1. Training Data Structure:
```bash
Inf-CLIP
├── datasets
│   ├── cc3m/ # https://github.com/rom1504/img2dataset/blob/main/dataset_examples/cc3m.md
|   |   ├── 0000.tar
|   |   ├── 0001.tar
|   |   ├── ...
|   |   └── 0301.tar
│   ├── cc12m/ # https://github.com/rom1504/img2dataset/blob/main/dataset_examples/cc12m.md
|   |   ├── 0000.tar
|   |   ├── 0001.tar
|   |   ├── ...
|   |   └── 1044.tar
│   ├── laion400m/ # https://github.com/rom1504/img2dataset/blob/main/dataset_examples/laion400m.md
|   |   ├── 00000.tar
|   |   ├── 00001.tar
|   |   ├── ...
|   |   └── 41407.tar
```
2. Command:
```bash
bash scripts/cc3m/lit_vit-b-32_bs16k.sh
bash scripts/cc12m/lit_vit-b-32_bs32k.sh
bash scripts/laion400m/lit_vit-b-32_bs256k.sh
```
3. Evaluation Data Structure:
```bash
Inf-CLIP
├── datasets
│   ├── imagenet-1k/ # download val_images.tar.gz of imagenet
|   |   └── val/
|   |   |   ├── n01440764
|   |   |   ├── n01443537
|   |   |   ├── ...
|   |   |   └── n15075141
│   ├── clip-benchmark/ # bash datasets/benchmarks_download.sh
|   |   ├── wds_mscoco_captions
|   |   ├── wds_flickr8k
|   |   ├── wds_flickr30k
|   |   ├── wds_imagenet1k
|   |   ├── wds_imagenetv2
|   |   ├── wds_imagenet_sketch
|   |   ├── wds_imagenet-a
|   |   ├── wds_imagenet-r
|   |   ├── wds_imagenet-o
|   |   └── wds_objectnet
```
4. Command:
```bash
# imagenet evaluation
bash scripts/imagenet_eval.sh
# overall evaluation
bash scripts/benchmarks_eval.sh
```

## 📑 Citation

If you find Inf-CLIP useful for your research and applications, please cite using this BibTeX:
```bibtex
@article{damonlpsg2024infcl,
  title={Breaking the Memory Barrier: Near Infinite Batch Size Scaling for Contrastive Loss},
  author={Zesen Cheng, Hang Zhang, Kehan Li, Sicong Leng, Zhiqiang Hu, Fei Wu, Deli Zhao, Xin Li, Lidong Bing},
  journal={arXiv preprint arXiv:},
  year={2024},
  url = {https://arxiv.org/abs/}
}
```

## 👍 Acknowledgement
The codebase of Inf-CLIP is adapted from [**OpenCLIP**](https://github.com/mlfoundations/open_clip).
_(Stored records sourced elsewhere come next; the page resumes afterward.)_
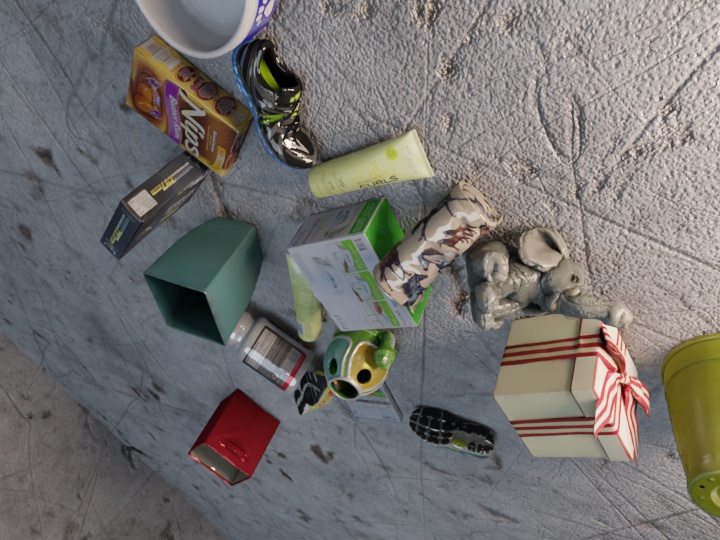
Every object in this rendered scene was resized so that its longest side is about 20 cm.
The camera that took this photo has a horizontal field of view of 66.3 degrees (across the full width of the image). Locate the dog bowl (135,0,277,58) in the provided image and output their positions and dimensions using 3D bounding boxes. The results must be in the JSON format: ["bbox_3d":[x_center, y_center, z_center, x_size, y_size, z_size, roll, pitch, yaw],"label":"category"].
[{"bbox_3d":[-0.198,-0.379,0.682,0.194,0.079,0.205,17,130,20],"label":"dog bowl"}]

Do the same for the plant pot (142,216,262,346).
[{"bbox_3d":[-0.275,0.002,1.042,0.137,0.203,0.144,14,139,19],"label":"plant pot"}]

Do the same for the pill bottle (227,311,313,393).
[{"bbox_3d":[-0.211,0.178,1.250,0.197,0.112,0.111,35,140,-5],"label":"pill bottle"}]

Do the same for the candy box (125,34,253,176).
[{"bbox_3d":[-0.277,-0.261,0.891,0.197,0.057,0.117,36,139,-7],"label":"candy box"}]

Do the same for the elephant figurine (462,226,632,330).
[{"bbox_3d":[0.255,0.016,0.786,0.192,0.161,0.142,-7,170,4],"label":"elephant figurine"}]

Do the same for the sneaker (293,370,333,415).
[{"bbox_3d":[-0.097,0.281,1.310,0.200,0.088,0.081,-51,54,59],"label":"sneaker"}]

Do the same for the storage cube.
[{"bbox_3d":[-0.371,0.491,1.616,0.170,0.182,0.199,39,141,-10],"label":"storage cube"}]

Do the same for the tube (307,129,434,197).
[{"bbox_3d":[0.010,-0.153,0.825,0.194,0.054,0.057,-8,171,32],"label":"tube"}]

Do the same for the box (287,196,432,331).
[{"bbox_3d":[0.000,0.000,0.945,0.172,0.098,0.203,-8,127,38],"label":"box"}]

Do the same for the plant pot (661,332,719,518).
[{"bbox_3d":[0.526,0.231,0.768,0.194,0.195,0.204,17,139,16],"label":"plant pot"}]

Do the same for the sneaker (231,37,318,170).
[{"bbox_3d":[-0.115,-0.235,0.800,0.081,0.071,0.203,1,129,39],"label":"sneaker"}]

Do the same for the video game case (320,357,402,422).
[{"bbox_3d":[0.004,0.280,1.290,0.139,0.018,0.203,-2,130,35],"label":"video game case"}]

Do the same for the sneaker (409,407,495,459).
[{"bbox_3d":[0.198,0.370,1.216,0.194,0.079,0.081,18,148,15],"label":"sneaker"}]

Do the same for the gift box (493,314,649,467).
[{"bbox_3d":[0.334,0.192,0.854,0.183,0.204,0.185,-16,127,40],"label":"gift box"}]

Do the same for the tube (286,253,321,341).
[{"bbox_3d":[-0.106,0.055,1.101,0.056,0.053,0.205,-13,133,-13],"label":"tube"}]

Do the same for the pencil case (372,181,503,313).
[{"bbox_3d":[0.111,-0.035,0.799,0.089,0.079,0.200,38,114,-16],"label":"pencil case"}]

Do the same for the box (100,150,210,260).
[{"bbox_3d":[-0.351,-0.123,0.963,0.051,0.201,0.156,45,138,-11],"label":"box"}]

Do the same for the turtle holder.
[{"bbox_3d":[0.007,0.186,1.102,0.180,0.133,0.144,1,132,31],"label":"turtle holder"}]

We are also grateful for the following projects our Inf-CL arise from:
* [**OpenAI CLIP**](https://openai.com/index/clip/), [**img2dataset**](https://github.com/rom1504/img2dataset), [**CLIP-Benchmark**](https://github.com/LAION-AI/CLIP_benchmark).
* [**FlashAttention**](https://github.com/Dao-AILab/flash-attention), [**RingAttention**](https://github.com/haoliuhl/ringattention), [**RingFlashAttention**](https://github.com/zhuzilin/ring-flash-attention). 


## 🔒 License

This project is released under the Apache 2.0 license as found in the LICENSE file.
The service is a research preview intended for **non-commercial use ONLY**, subject to the model Licenses of CLIP, Terms of Use of the data generated by OpenAI, and Laion. Please get in touch with us if you find any potential violations.